Kelsey Piper: Is there one single person in the state of California who believes that this is Newsom’s real reason for the veto – SB 1047 isn’t comprehensive enough!

There are reasonable arguments both for and against the bill but this isn’t one of them; there are very good reasons to treat the most expensive models differently including low barriers to entry for startups and small businesses.

Newsom vetoed because he’s in the pocket of lobbyists who pressed him aggressively for a veto; he has no principles and no roadmap for artificial intelligence or anything else, and if there were a more comprehensive bill he’d veto that one too. Come on.

Michael Cohen: Newsom: “By focusing only on the most expensive and large-scale models, SB 1047 establishes a regulatory framework that could give the public a false sense of security. Smaller, specialized models may emerge as equally or even more dangerous”.

I’d like to hear *anyoneclaim he’s not bullshitting here. He could have easily contacted the author’s office at any point in the process to say, “your bill doesn’t go far enough”. Or just start with rules on bigger models and then amend the bill to be more expansive later.

So Newsom has his reasons for vetoing the bill, and for some reason, he didn’t think it would reflect well on him to share them with us.

I thought that I’d seen one person claim that Newsom wasn’t bullshitting with his explanation.
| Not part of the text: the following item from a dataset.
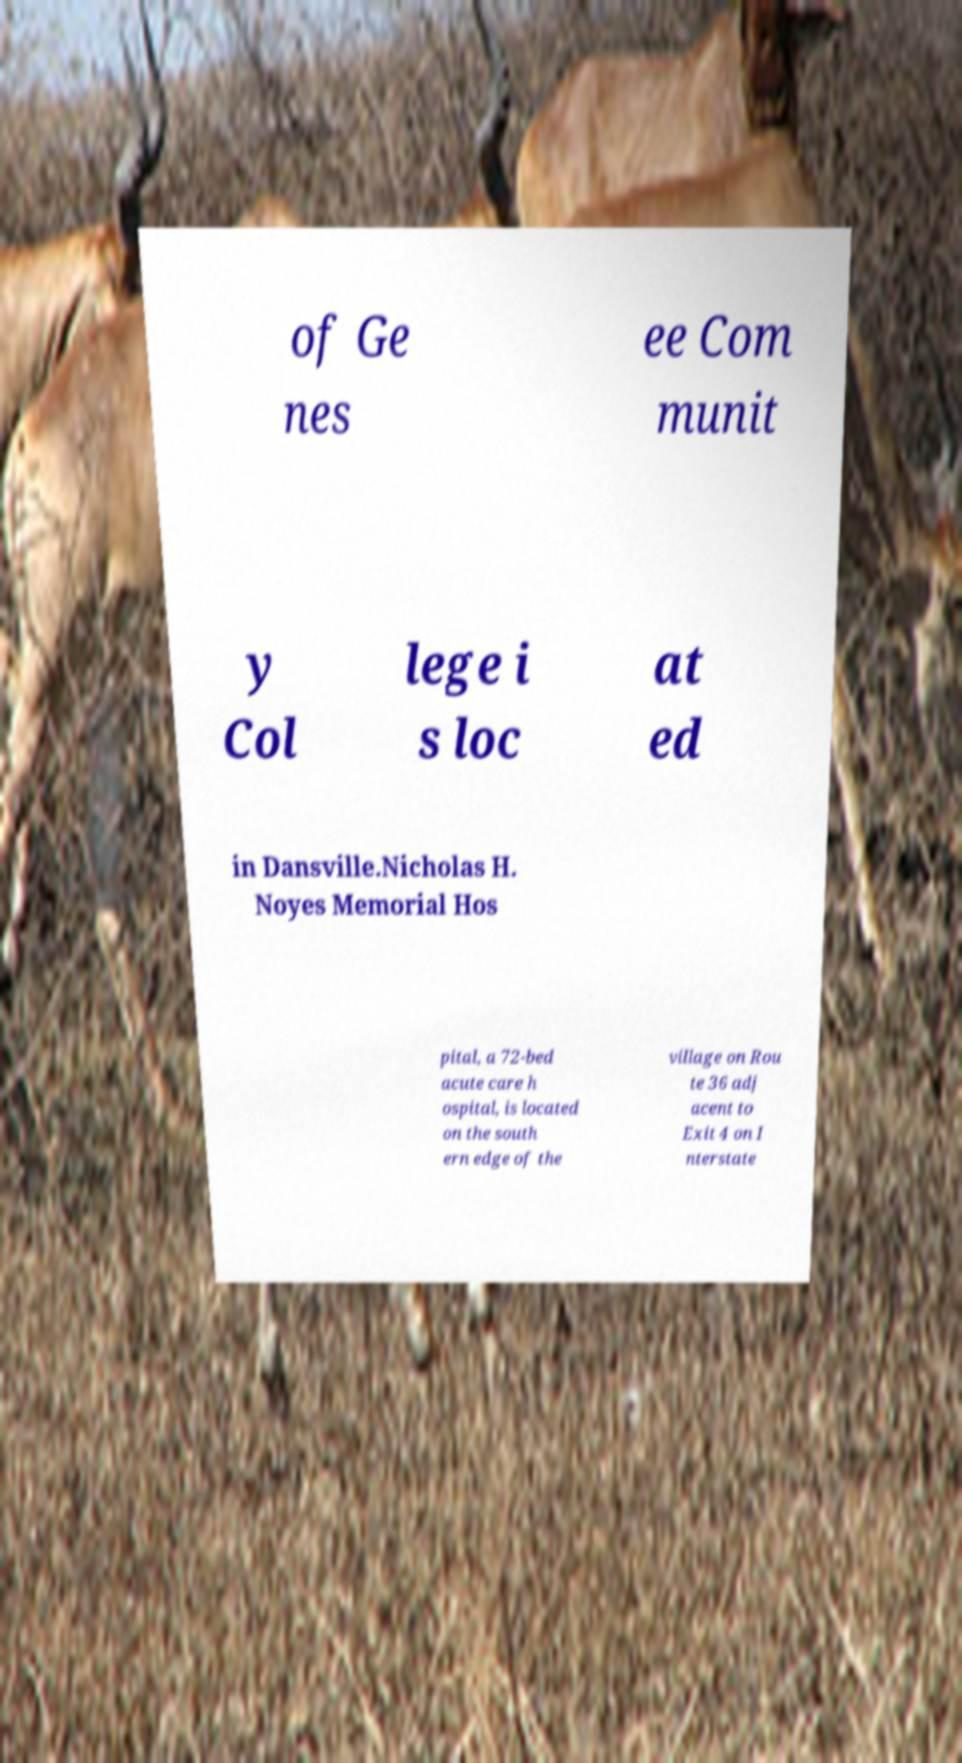Could you extract and type out the text from this image? of Ge nes ee Com munit y Col lege i s loc at ed in Dansville.Nicholas H. Noyes Memorial Hos pital, a 72-bed acute care h ospital, is located on the south ern edge of the village on Rou te 36 adj acent to Exit 4 on I nterstate 
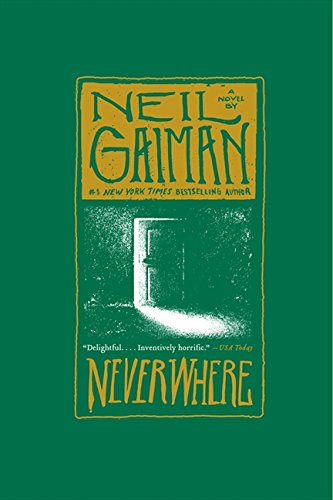Who wrote this book?
Answer the question using a single word or phrase. Neil Gaiman What is the title of this book? Neverwhere: A Novel What is the genre of this book? Science Fiction & Fantasy Is this book related to Science Fiction & Fantasy? Yes Is this book related to Education & Teaching? No

Then that person pointed out to me that I was misunderstanding their position – that they were only claiming that Newsom meant it when he said he wanted to regulate AI more in the future.

The idea that he’d have signed the bill if it was more ‘comprehensive’?

That’s rather Obvious Nonsense, more commonly known as bullshit.

When powerful people align with other power or do something for reasons that would not sound great if said out loud, and tell you no, they don’t give you a real explanation.

Instead, they make up a reason for it that they hadn’t mentioned to you earlier.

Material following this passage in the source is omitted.